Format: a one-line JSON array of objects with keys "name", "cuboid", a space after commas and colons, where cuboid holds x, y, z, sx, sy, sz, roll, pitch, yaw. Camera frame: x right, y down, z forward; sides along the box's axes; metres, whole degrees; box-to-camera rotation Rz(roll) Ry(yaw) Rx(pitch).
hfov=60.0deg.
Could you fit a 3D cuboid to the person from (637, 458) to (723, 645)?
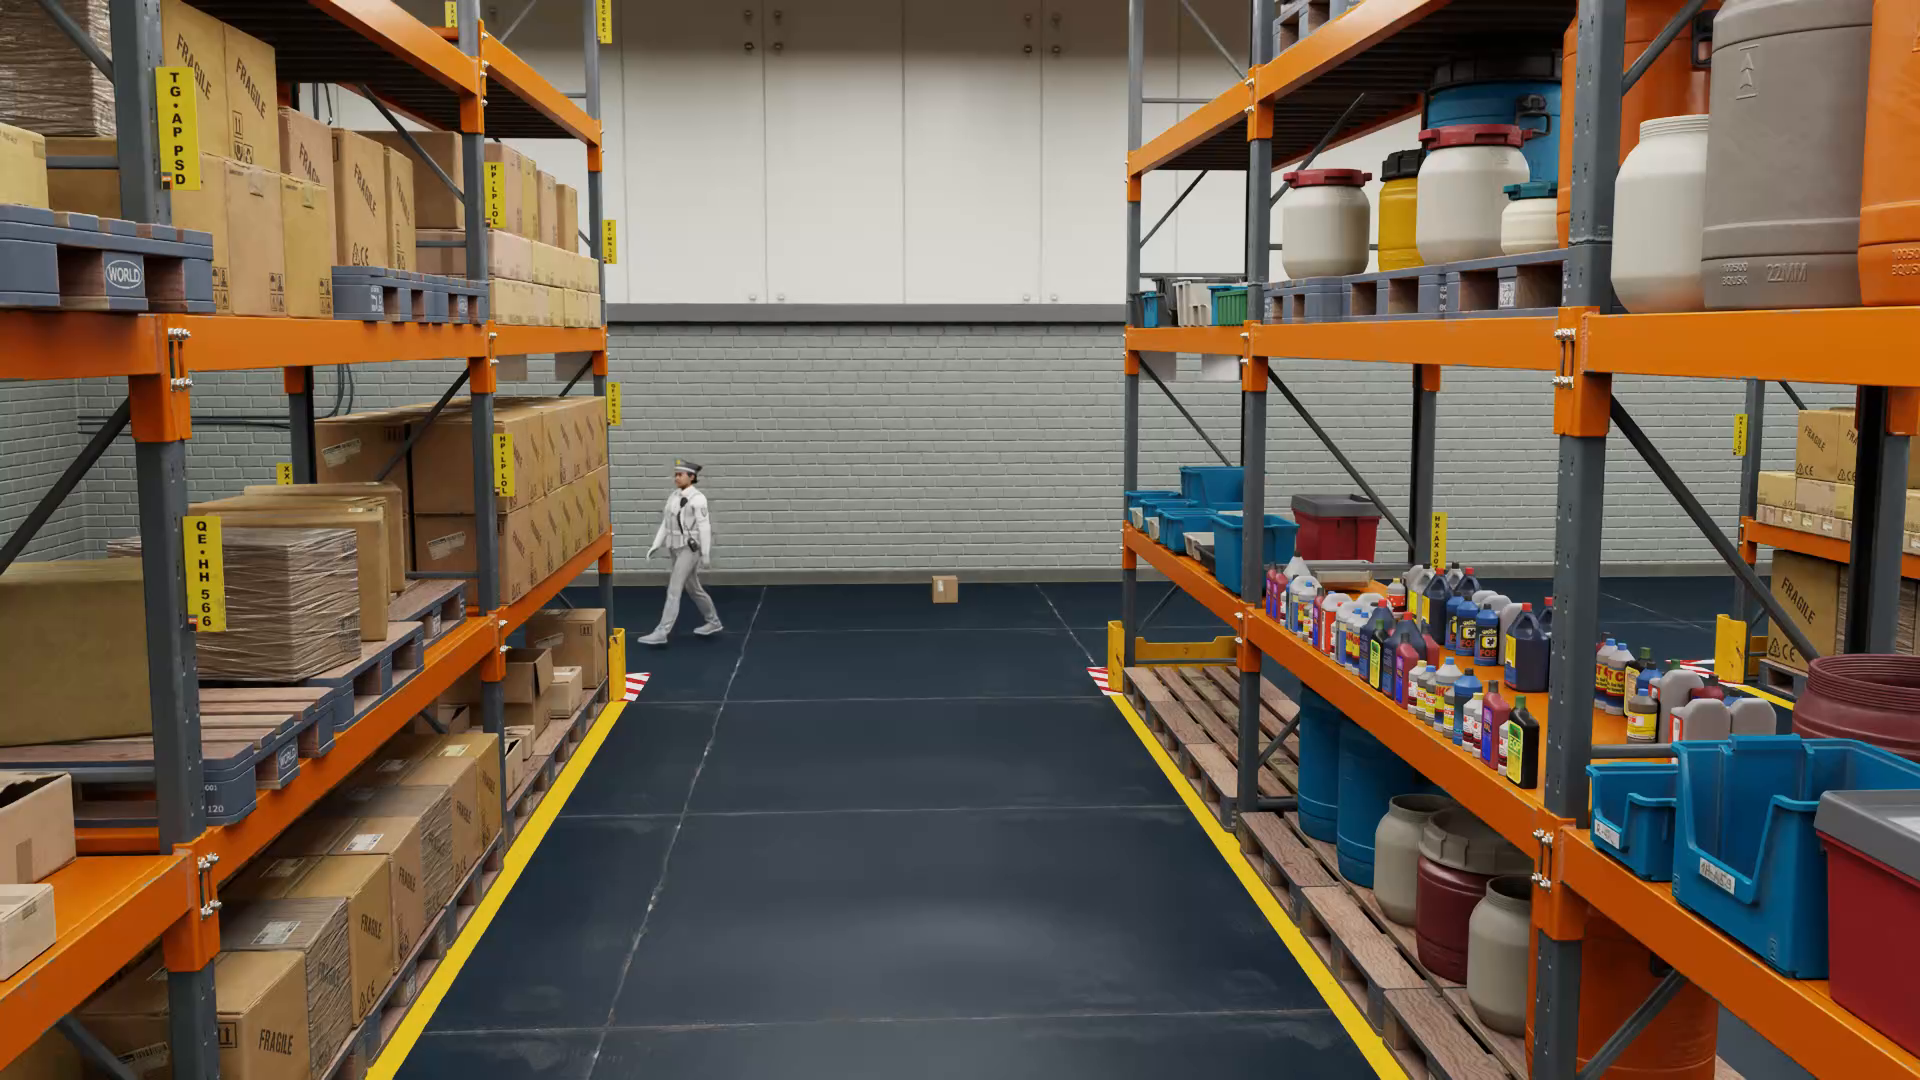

* **Task requirements**
The required output is the line containing "hfov=60.0deg." plus every line after it to the end of the data, copied exactly and with no pictures.

* **Written solution**
hfov=60.0deg.
Could you fit a 3D cuboid to the person from (637, 458) to (723, 645)?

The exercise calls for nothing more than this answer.